══ Recorded data ══
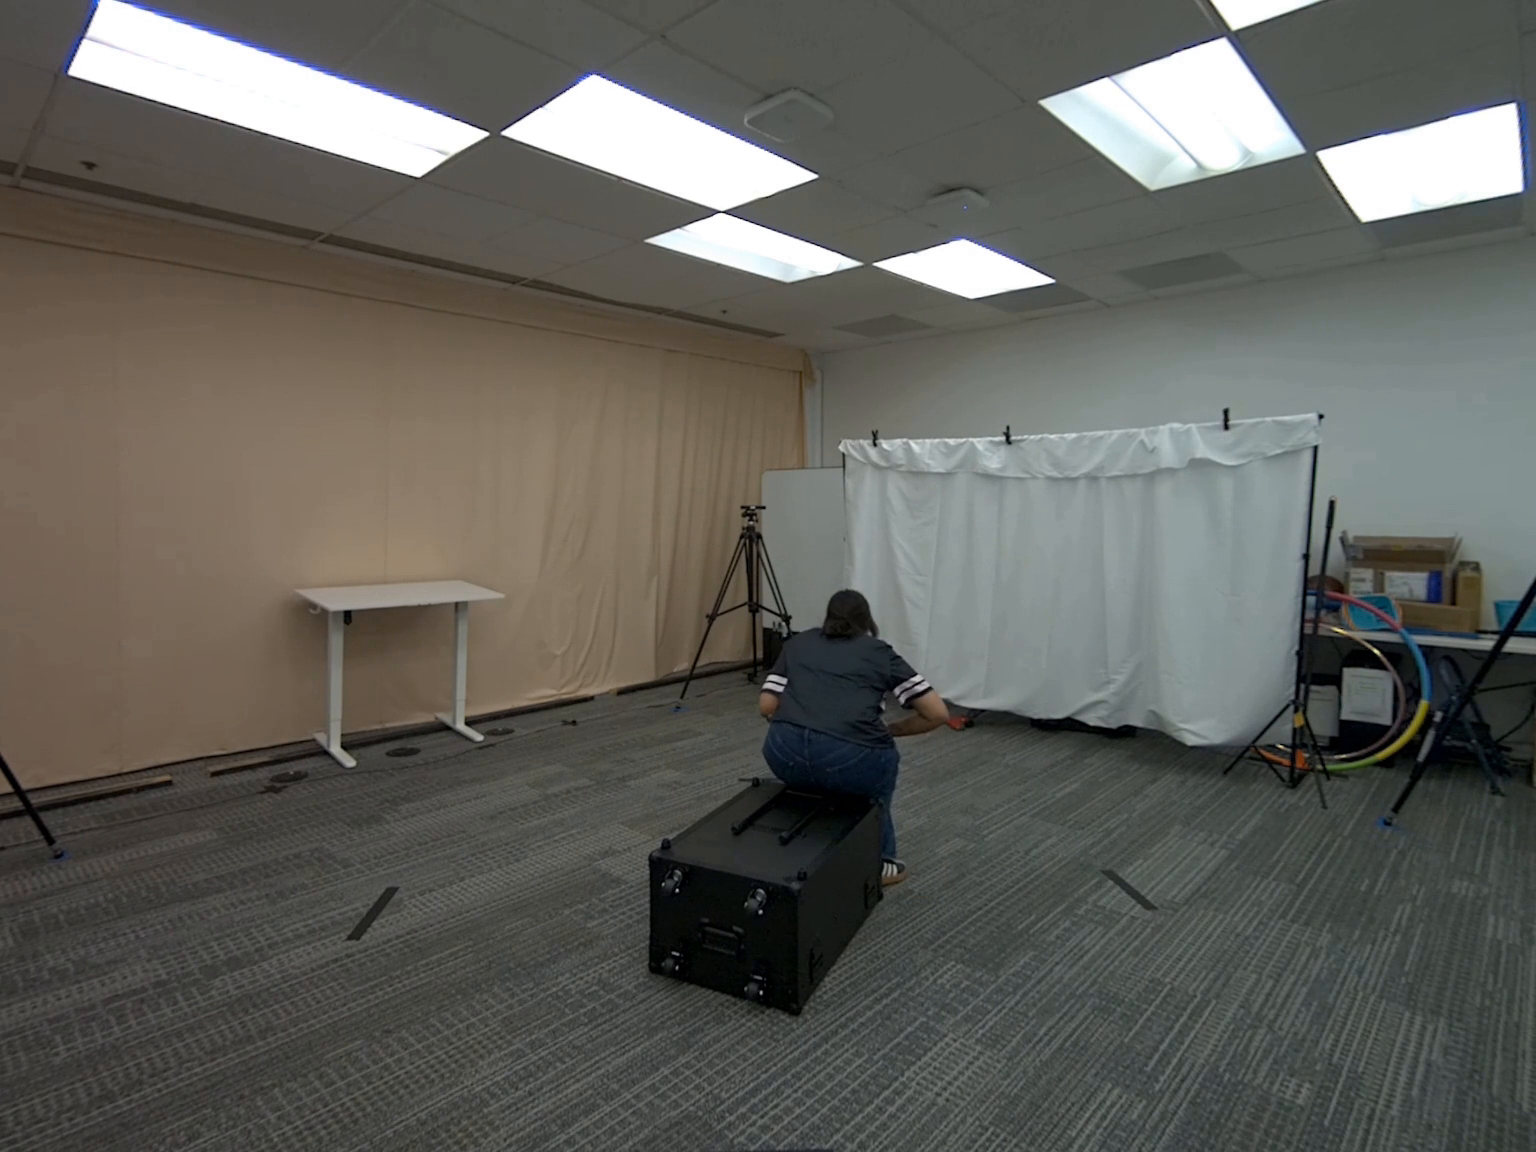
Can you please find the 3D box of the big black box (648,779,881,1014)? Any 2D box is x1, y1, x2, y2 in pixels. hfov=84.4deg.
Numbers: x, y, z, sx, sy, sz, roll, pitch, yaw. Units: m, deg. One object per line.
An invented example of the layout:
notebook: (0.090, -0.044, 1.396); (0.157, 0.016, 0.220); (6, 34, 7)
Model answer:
═══
══ Recorded data ══
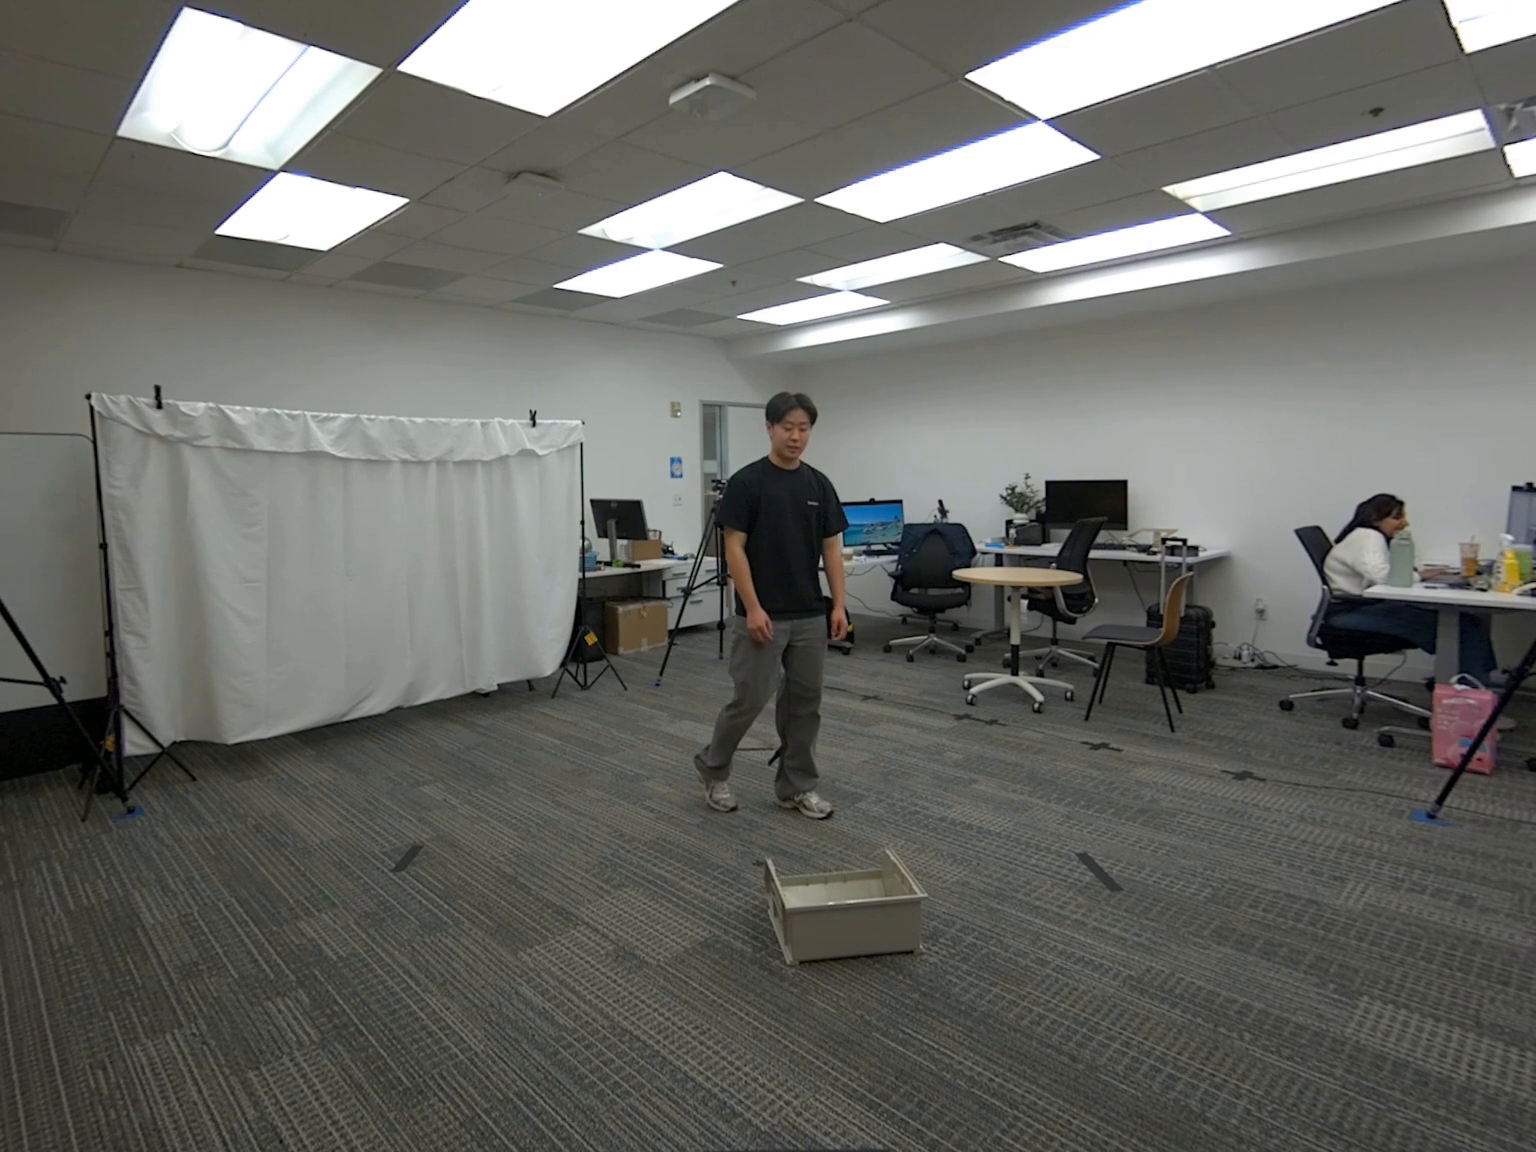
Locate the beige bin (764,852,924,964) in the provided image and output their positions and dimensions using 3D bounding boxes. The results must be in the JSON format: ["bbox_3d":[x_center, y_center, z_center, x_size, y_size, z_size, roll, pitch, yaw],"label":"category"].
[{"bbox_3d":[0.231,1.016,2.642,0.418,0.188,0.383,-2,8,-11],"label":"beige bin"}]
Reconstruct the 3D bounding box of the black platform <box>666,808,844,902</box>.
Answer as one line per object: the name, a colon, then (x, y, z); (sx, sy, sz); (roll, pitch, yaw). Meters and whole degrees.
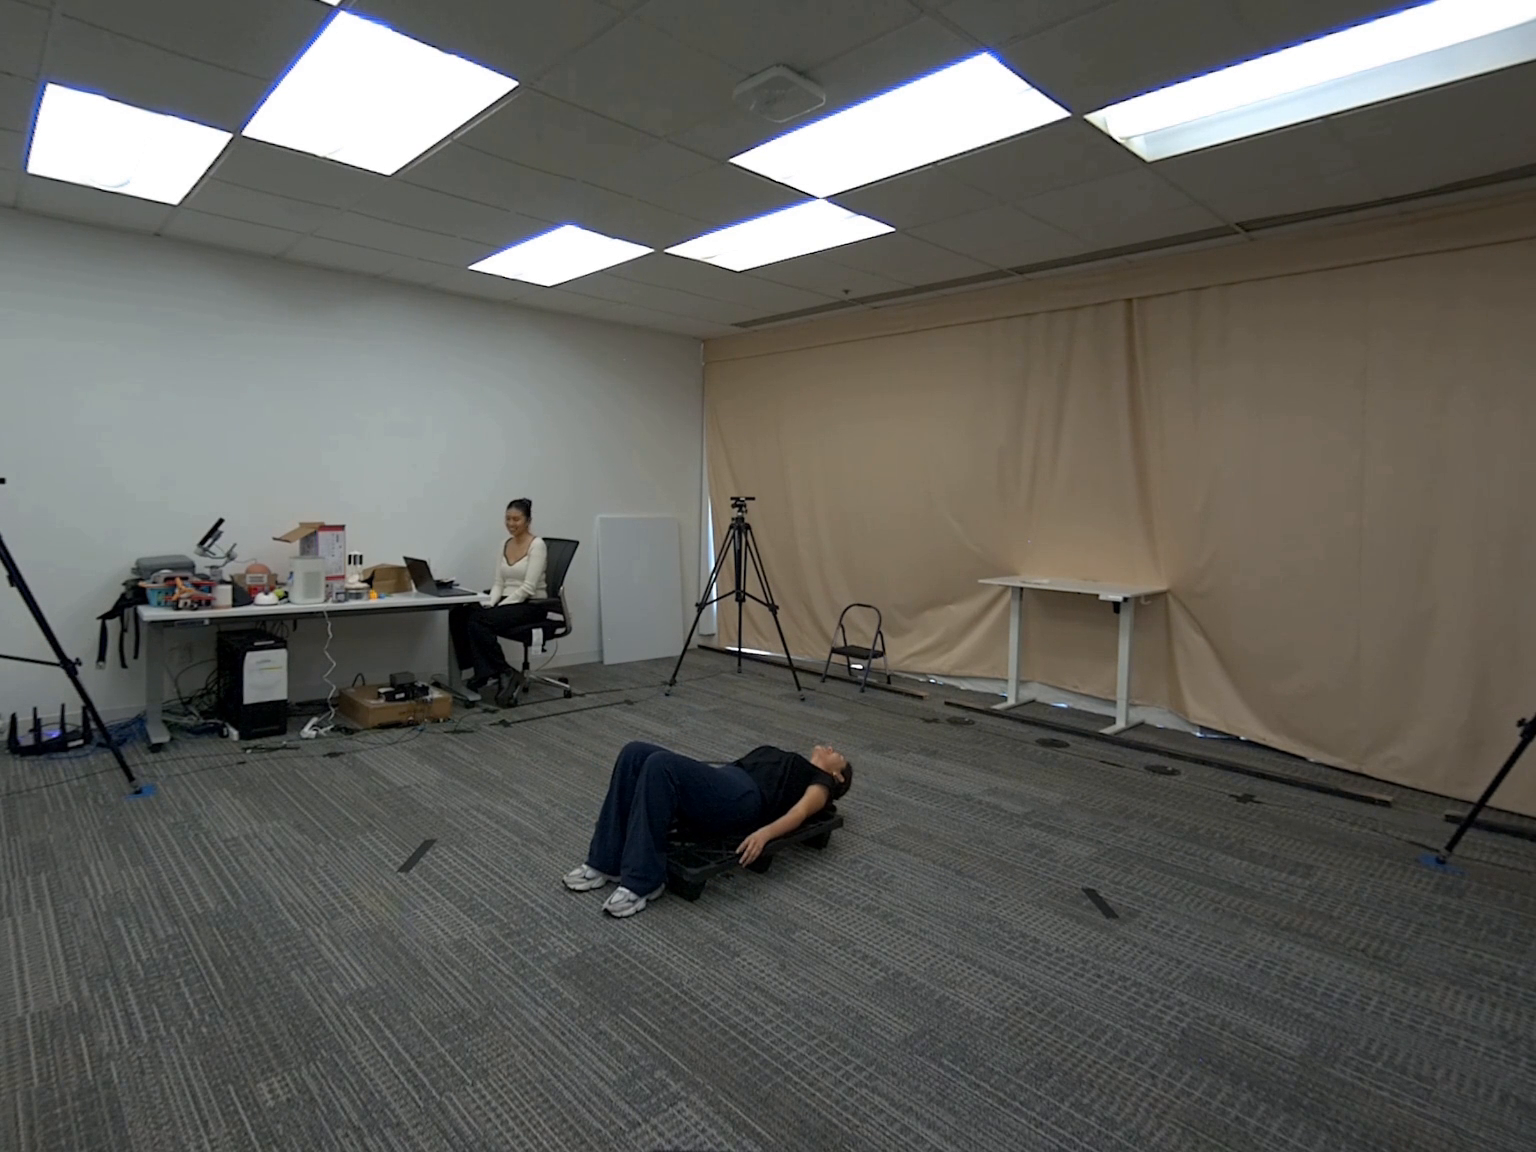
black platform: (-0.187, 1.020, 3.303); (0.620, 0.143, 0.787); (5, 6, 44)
═══
══ Recorded data ══
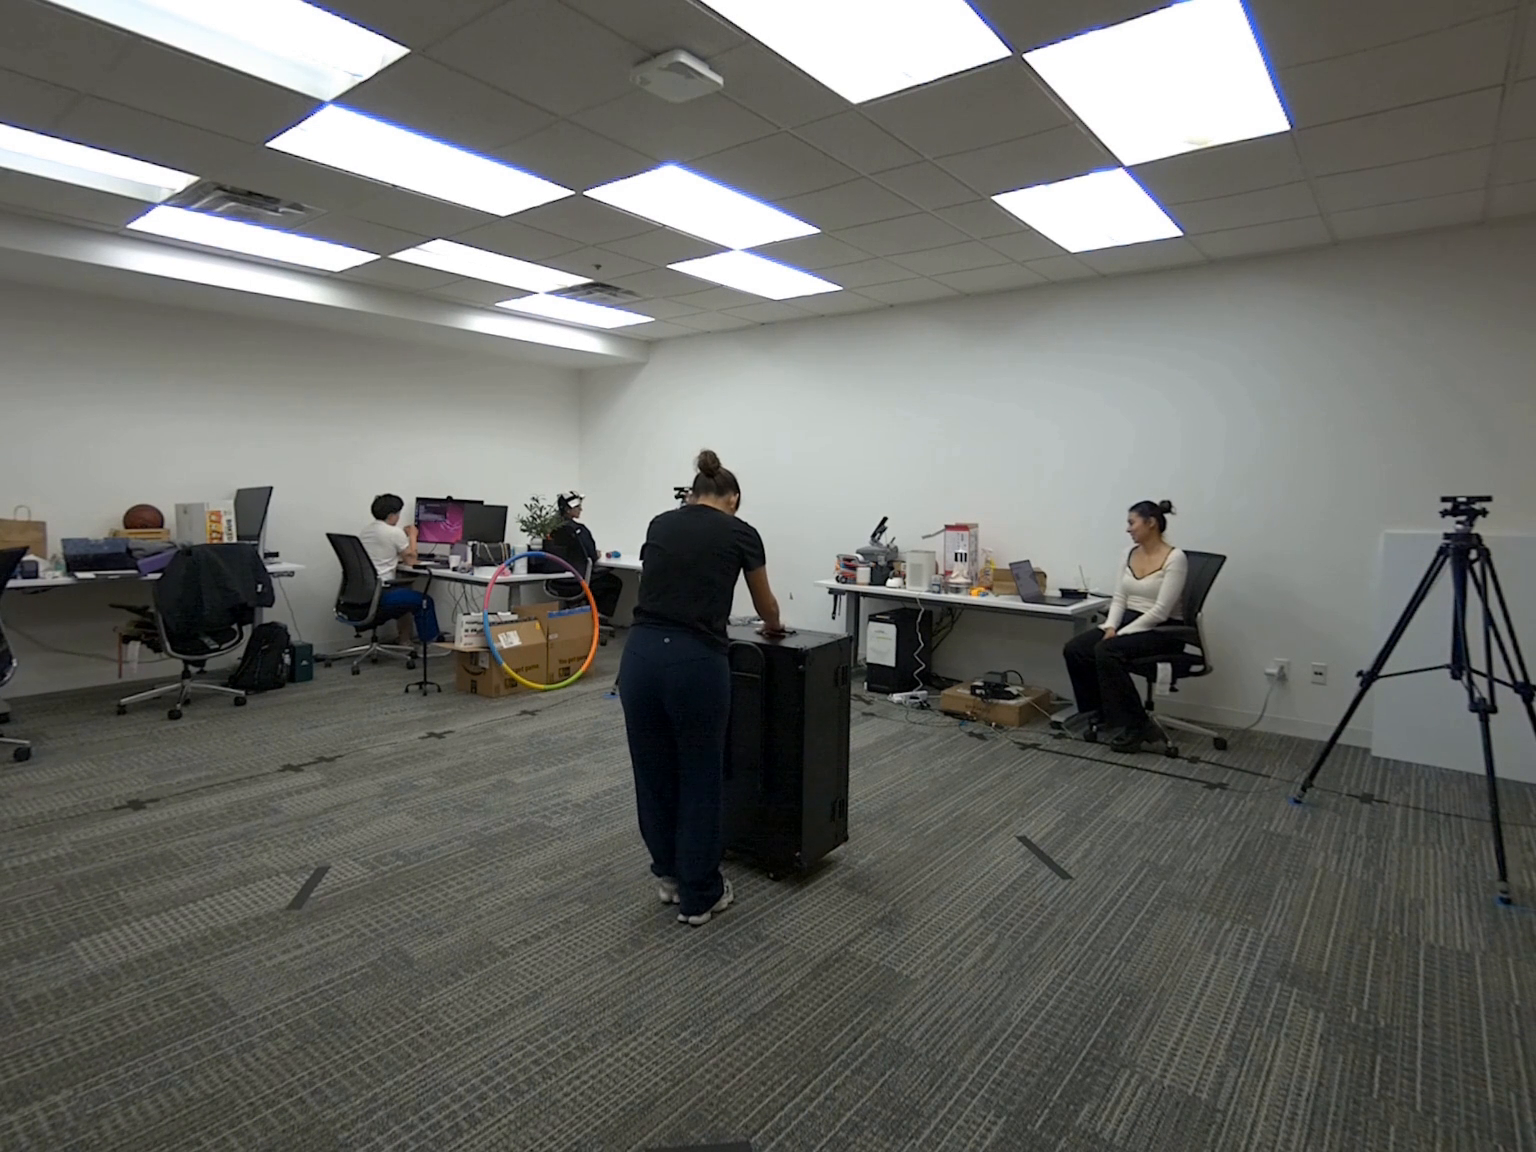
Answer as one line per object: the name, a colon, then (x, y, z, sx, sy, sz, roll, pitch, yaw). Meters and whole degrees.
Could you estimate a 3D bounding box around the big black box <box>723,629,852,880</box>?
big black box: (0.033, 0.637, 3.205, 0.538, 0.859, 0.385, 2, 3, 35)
═══
How to complete this task » Look back at the entries above. Retype the line with "Can you please", the line with "An invented example", and all lines in between.

Answer below »
Can you please find the 3D box of the big black box (648,779,881,1014)? Any 2D box is x1, y1, x2, y2 in pixels. hfov=84.4deg.
Numbers: x, y, z, sx, sy, sz, roll, pitch, yaw. Units: m, deg. One object per line.
An invented example of the layout:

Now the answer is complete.